*Work instruction*. Apart from the images, reproduce all of the data word for word.

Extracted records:
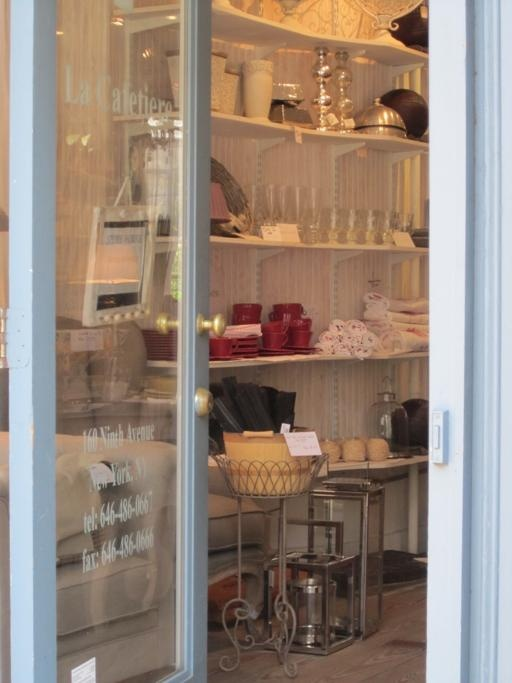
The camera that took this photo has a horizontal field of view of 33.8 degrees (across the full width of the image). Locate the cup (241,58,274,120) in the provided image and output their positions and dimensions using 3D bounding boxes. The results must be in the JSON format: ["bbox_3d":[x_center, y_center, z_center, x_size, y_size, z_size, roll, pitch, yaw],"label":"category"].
[{"bbox_3d":[0.000,-1.003,3.347,0.119,0.265,0.200,1,0,0],"label":"cup"}]

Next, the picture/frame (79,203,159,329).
[{"bbox_3d":[-0.256,-0.141,1.525,0.062,0.219,0.181,2,16,14],"label":"picture/frame"}]

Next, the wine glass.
[{"bbox_3d":[0.345,-0.519,3.639,0.201,0.246,0.981,1,0,39],"label":"wine glass"}]

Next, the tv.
[{"bbox_3d":[-0.272,-0.137,1.483,0.068,0.199,0.211,7,5,16],"label":"tv"}]
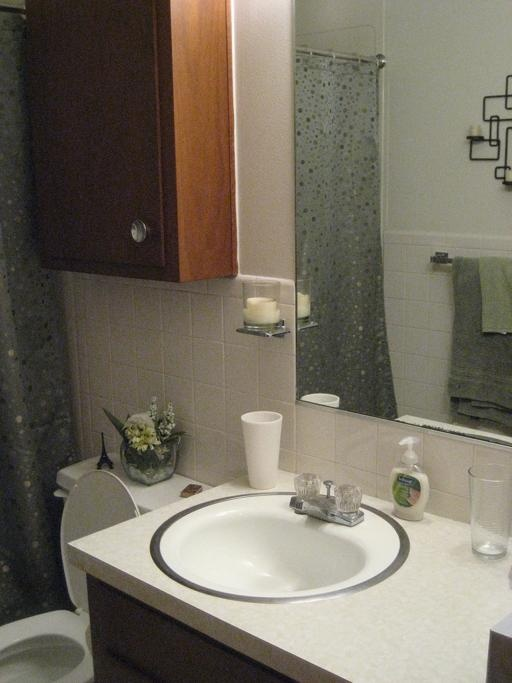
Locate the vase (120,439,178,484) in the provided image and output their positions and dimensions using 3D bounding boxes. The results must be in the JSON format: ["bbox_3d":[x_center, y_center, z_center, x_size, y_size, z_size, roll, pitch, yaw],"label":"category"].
[{"bbox_3d":[-0.287,0.318,1.609,0.116,0.099,0.136,1,6,27],"label":"vase"}]

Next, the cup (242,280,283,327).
[{"bbox_3d":[0.014,-0.082,1.288,0.092,0.107,0.091,0,3,0],"label":"cup"}]

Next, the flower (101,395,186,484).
[{"bbox_3d":[-0.274,0.272,1.593,0.144,0.218,0.124,-5,4,-31],"label":"flower"}]
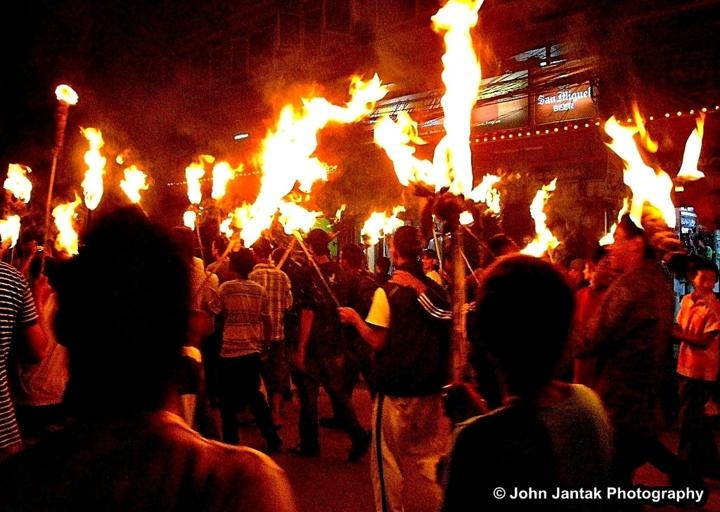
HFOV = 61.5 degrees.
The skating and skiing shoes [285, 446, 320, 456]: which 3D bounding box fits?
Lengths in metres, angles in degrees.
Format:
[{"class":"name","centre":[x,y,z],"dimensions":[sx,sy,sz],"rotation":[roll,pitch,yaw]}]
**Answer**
[{"class":"skating and skiing shoes","centre":[-0.617,2.169,6.735],"dimensions":[0.209,0.079,0.155],"rotation":[0,-3,16]}]

*Task solution*.
The camera that took this photo has a horizontal field of view of 33.8 degrees (across the full width of the image). Locate the cup (241,58,274,120) in the provided image and output their positions and dimensions using 3D bounding boxes. The results must be in the JSON format: ["bbox_3d":[x_center, y_center, z_center, x_size, y_size, z_size, roll, pitch, yaw],"label":"category"].
[{"bbox_3d":[0.000,-1.003,3.347,0.119,0.265,0.200,1,0,0],"label":"cup"}]

Next, the picture/frame (79,203,159,329).
[{"bbox_3d":[-0.256,-0.141,1.525,0.062,0.219,0.181,2,16,14],"label":"picture/frame"}]

Next, the wine glass.
[{"bbox_3d":[0.345,-0.519,3.639,0.201,0.246,0.981,1,0,39],"label":"wine glass"}]

Next, the tv.
[{"bbox_3d":[-0.272,-0.137,1.483,0.068,0.199,0.211,7,5,16],"label":"tv"}]
Locate the vase (120,439,178,484) in the provided image and output their positions and dimensions using 3D bounding boxes. The results must be in the JSON format: ["bbox_3d":[x_center, y_center, z_center, x_size, y_size, z_size, roll, pitch, yaw],"label":"category"].
[{"bbox_3d":[-0.287,0.318,1.609,0.116,0.099,0.136,1,6,27],"label":"vase"}]

Next, the cup (242,280,283,327).
[{"bbox_3d":[0.014,-0.082,1.288,0.092,0.107,0.091,0,3,0],"label":"cup"}]

Next, the flower (101,395,186,484).
[{"bbox_3d":[-0.274,0.272,1.593,0.144,0.218,0.124,-5,4,-31],"label":"flower"}]
HFOV = 61.5 degrees.
The skating and skiing shoes [285, 446, 320, 456]: which 3D bounding box fits?
Lengths in metres, angles in degrees.
Format:
[{"class":"name","centre":[x,y,z],"dimensions":[sx,sy,sz],"rotation":[roll,pitch,yaw]}]
**Answer**
[{"class":"skating and skiing shoes","centre":[-0.617,2.169,6.735],"dimensions":[0.209,0.079,0.155],"rotation":[0,-3,16]}]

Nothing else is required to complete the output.